What I’ll call the overburdening of the planet. I don’t know how many people this planet can comfortably support, further research and discussion are necessary, but I’m pretty sure it’s a fraction of the people who are here now. The election has involved a marginal discussion of issues like fewer dirty coal-fired power plants. This is like talking about whether you want to barbecue with gas or charcoal on the deck of the Titanic. Corollary issues that should be discussed are how to rapidly achieve zero carbon emissions, and reduce population, which includes a discussion of a planet-wide one-child policy. I favor it, but it is not even being mentioned. Likewise discussion would involved what sort of economics would b appropriate for a shrinking population (in the aftermath of the Black Death there was a economic boom). Etc. etc.
And there are narrower issues that were not discussed. For example, what socially useful functions should be allocated to for-profit organizations and which to non-profit? Amazingly, a lot of blood was spilt in the previous two centuries over issues rated to this.
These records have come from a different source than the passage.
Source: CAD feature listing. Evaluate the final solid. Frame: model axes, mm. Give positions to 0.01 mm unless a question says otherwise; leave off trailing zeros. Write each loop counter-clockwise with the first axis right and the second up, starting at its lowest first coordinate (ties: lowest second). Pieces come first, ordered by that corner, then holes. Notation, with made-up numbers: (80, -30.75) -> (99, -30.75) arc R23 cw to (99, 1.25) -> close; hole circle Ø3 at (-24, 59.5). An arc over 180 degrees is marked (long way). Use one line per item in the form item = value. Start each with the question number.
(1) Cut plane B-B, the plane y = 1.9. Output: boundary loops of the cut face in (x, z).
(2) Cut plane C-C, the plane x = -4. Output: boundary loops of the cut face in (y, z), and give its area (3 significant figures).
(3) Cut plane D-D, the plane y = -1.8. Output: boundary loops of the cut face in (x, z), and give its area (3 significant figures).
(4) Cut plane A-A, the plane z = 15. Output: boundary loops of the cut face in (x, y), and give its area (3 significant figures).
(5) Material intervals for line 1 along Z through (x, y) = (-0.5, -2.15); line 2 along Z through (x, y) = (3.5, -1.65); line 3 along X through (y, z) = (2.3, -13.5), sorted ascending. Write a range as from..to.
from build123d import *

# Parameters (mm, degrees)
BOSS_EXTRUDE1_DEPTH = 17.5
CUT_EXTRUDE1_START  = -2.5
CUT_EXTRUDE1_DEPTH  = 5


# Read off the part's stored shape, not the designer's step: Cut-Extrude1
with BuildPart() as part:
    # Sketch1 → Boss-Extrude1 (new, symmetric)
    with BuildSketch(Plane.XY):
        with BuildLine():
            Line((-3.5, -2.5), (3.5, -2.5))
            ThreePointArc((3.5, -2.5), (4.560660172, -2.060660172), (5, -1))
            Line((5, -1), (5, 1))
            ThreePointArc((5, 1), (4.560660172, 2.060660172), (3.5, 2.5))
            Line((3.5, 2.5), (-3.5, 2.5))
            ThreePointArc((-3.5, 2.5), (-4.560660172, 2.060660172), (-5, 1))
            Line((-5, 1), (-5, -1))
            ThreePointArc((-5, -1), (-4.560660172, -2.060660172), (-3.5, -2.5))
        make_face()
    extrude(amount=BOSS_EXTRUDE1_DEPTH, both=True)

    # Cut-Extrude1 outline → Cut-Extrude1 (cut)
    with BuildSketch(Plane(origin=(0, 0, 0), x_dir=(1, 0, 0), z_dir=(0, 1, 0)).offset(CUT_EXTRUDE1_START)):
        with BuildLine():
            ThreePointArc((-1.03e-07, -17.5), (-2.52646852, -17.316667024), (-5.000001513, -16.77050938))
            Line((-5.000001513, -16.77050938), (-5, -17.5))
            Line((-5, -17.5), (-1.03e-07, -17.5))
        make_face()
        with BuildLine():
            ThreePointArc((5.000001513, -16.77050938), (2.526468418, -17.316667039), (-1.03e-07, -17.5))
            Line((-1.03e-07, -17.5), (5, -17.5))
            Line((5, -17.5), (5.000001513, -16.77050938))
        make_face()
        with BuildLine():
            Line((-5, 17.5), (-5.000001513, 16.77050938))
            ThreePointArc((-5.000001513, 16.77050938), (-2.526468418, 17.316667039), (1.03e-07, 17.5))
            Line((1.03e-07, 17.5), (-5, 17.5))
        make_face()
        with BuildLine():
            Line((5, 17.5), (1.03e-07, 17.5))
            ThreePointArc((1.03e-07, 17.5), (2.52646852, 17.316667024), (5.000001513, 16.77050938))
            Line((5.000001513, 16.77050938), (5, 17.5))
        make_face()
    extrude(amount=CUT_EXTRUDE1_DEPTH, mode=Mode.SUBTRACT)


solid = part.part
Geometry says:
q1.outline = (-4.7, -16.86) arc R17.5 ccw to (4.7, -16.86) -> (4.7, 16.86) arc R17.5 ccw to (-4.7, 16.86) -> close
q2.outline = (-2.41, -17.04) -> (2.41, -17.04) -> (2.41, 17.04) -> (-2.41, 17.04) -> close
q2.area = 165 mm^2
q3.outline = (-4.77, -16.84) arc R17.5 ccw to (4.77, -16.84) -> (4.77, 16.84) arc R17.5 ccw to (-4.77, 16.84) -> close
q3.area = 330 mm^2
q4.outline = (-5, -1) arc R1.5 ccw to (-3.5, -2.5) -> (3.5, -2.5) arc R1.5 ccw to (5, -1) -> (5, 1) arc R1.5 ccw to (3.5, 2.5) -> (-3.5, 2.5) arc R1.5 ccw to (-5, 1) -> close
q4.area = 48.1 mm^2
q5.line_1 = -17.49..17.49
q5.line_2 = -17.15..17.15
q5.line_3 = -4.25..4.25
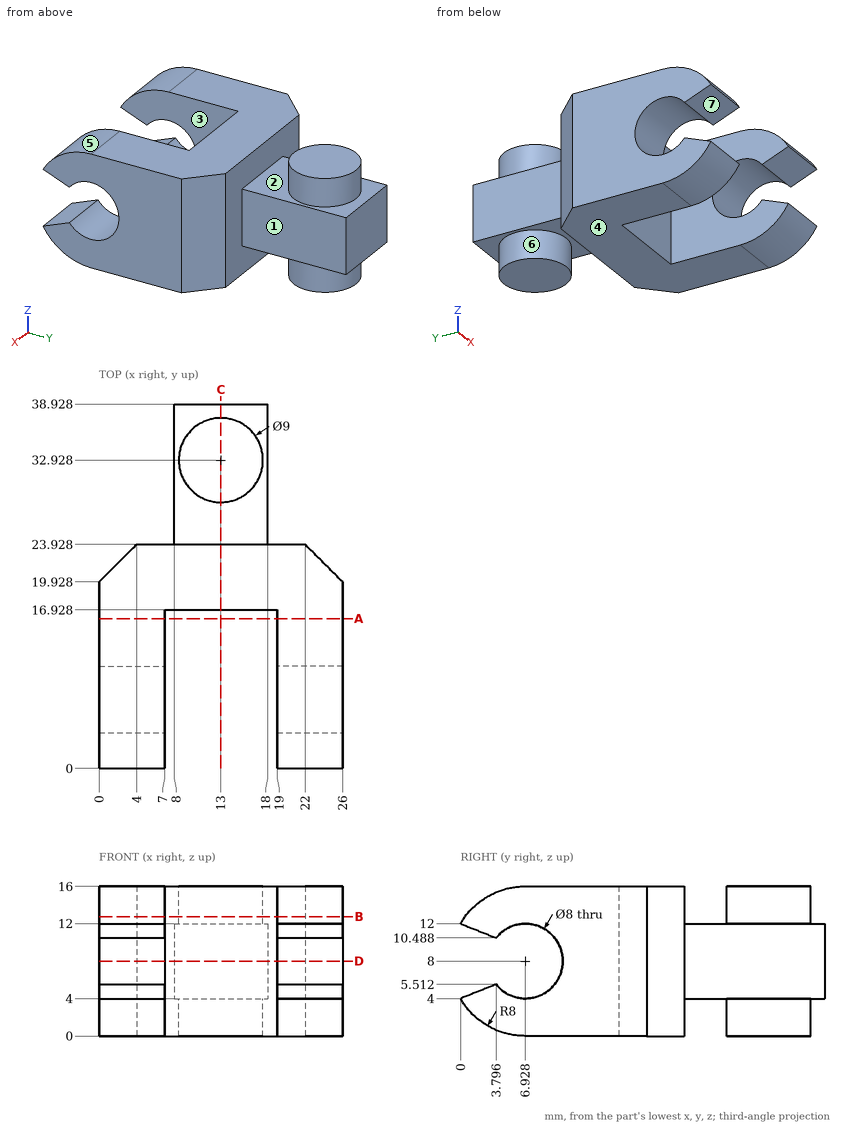
Could you check a few things on this drawing? It's one solid part, dimensions in mm from its lowest x, y, z. A direction names the side the tool comes from. Give positions to 0.01 mm unless a question says otherwise; leave off trailing zeros. Loops run counter-clockwise (first coordinate to the right, second up) from the corner with the lowest first, then second, coordinate; pieces in that order, holes last. Notation, with made-up numbers: (13, 18) -> (61, 18) arc R20 ccw to (61, 30) -> close; hole circle Ø1 at (76.5, -9). An arc over 180 degrees is marked (long way). Use one line per item in the form item = value. Start each with the question number.
1) Which directions (+Z, -Z, +X, -X, +Y, -Y) give clear straight access to the entire face, cutting with the end or side of a thin tool? Please do the marked faces 1, 2 and 3.
2) Thinking about a two-plate mould opening in Z: for the marked faces 4, 5, 6 and 7, which applies, +Z half, -Z half, draft (parallel to the pull), parting line (faces both ways), or undercut?
3) Imagine slicing it at B-B (z = 12.75). Please give me the cut outline in (x, y), then the cut area to 3 significant figures.
4) For P1, Ø5, axis at x = 15.5, z = 8, coming from the -Y side; P2, Ø2.5, axis at y = 28.5, z = 8, coming from the -X side; P3, Ø6, axis at x = 22.5, z = 4, coming from the +Y side, each with a flat end and sliding along its axis, tell me the tip position at first contact or that it passes through.
5) Imagine slicing it at C-C (x = 13). Please give me the cut outline in (y, z), then the cut area to 3 significant figures.
6) Please list where these lines run through material, in increasing order: line 1 along X through (y, z) = (14, 14); line 2 along Y through (x, z) = (16, 12.5) (1 decimal); line 3 along Z through (x, y) = (3.25, 8) (1 decimal).
7) Imagine slicing it at D-D (z = 8). Please give me the cut outline in (x, y).
8) Imagine slicing it at A-A (y = 16). Please give me the cut outline in (x, z), then the cut area to 3 significant figures.
Check values:
q1.face_1 = +Z, -Z, +X, +Y
q1.face_2 = +Z
q1.face_3 = +Z, -Z, -Y
q2.face_4 = -Z half
q2.face_5 = +Z half
q2.face_6 = draft
q2.face_7 = undercut
q3.outline = (0, 0.49) -> (7, 0.49) -> (7, 16.93) -> (19, 16.93) -> (19, 0.49) -> (26, 0.49) -> (26, 19.93) -> (22, 23.93) -> (4, 23.93) -> (0, 19.93) -> close; circle Ø9 at (13, 32.93)
q3.area = 460 mm^2
q4.P1 = 16.93
q4.P2 = 8
q4.P3 = 23.93
q5.outline = (16.93, 0) -> (23.93, 0) -> (23.93, 4) -> (28.43, 4) -> (28.43, 0) -> (37.43, 0) -> (37.43, 4) -> (38.93, 4) -> (38.93, 12) -> (37.43, 12) -> (37.43, 16) -> (28.43, 16) -> (28.43, 12) -> (23.93, 12) -> (23.93, 16) -> (16.93, 16) -> close
q5.area = 304 mm^2
q6.line_1 = 0 to 7, 19 to 26
q6.line_2 = 16.9 to 23.9, 29.6 to 36.3
q6.line_3 = 0 to 4.1, 11.9 to 16
q7.outline = (0, 10.93) -> (7, 10.93) -> (7, 16.93) -> (19, 16.93) -> (19, 10.93) -> (26, 10.93) -> (26, 19.93) -> (22, 23.93) -> (18, 23.93) -> (18, 38.93) -> (8, 38.93) -> (8, 23.93) -> (4, 23.93) -> (0, 19.93) -> close
q8.outline = (0, 0) -> (7, 0) -> (7, 16) -> (0, 16) -> close; (19, 0) -> (26, 0) -> (26, 16) -> (19, 16) -> close
q8.area = 224 mm^2

It seem obvious to me that things like roads, cable TV and healthcare should be provided not for profit while computers, groceries, clothes should not, but I am no economist, and I despair of an objective, informed discussion of this matter.
I dreaded the election of either one because of their spirit of military adventurism. McCain is an irascible soldier and Obama proposes military forays to kill bin Laden. Sure, guy, that will do a lot of good. The real problem for the US is to mitigate the hostility of certain groups of disaffected Muslim youth. I’m sure they’ll pack it in and say we love you Barrack if he offs their symbol.
I dreaded the election of either because it will mean an increase of the influence of religion in civic life either because McCain is hostage to evangelical Christians, or because Obama seems to me sincerely religious.
David Sedaris said being an undecided voter in this election was like being undecided between a good lunch and a pile of shit with ground glass in it. My version of Sedaris’s choice is two Big Macs, one with ground glass, one without. The choice was clear, but it was not interesting or nutritious.

Geoffrey Fox said...

Thanks for spelling out so clearly your views, Dirk. I'm certain that this election does make a huge difference, however. Not because of the symbols (1st black president, great slogans), though those are important because of what is behind them (this particular nonwhite man and his values and abilities, and what those slogans indicate). This election opens up possibilities for collective action by ordinary citizens like you and me, action across both our internal and external borders, possibilities that were shut down to the max under GWB with his Patriot Act spying, Homeland Security excesses, and his utter refusal to listen when we demonstrated -- e.g., to keep from invading Iraq. The campaign (massive donations, creative Internet use etc.) has mobilized forces far greater than any administration could hope to control. And the man we elected doesn't have a philosophy or desire for "control" anyway -- he's a community organizer, one who gets others to act.

The only major politician I can think of who had a similar approach (don't laugh, but think about it) was Fidel Castro in his early years. That regime ultimately congealed, but the Obama administration can't in the institutional framework of the U.S. (Cuba had no viable institutional framework once the revolution smashed Batista, so no effective checks). But anyway, what happened to Cuba should be a subject for a future blog. Meanwhile, I hope you look at the sites I recommended in my most recent blog, on Obama's background and why he is such a different kind of politician than we're used to.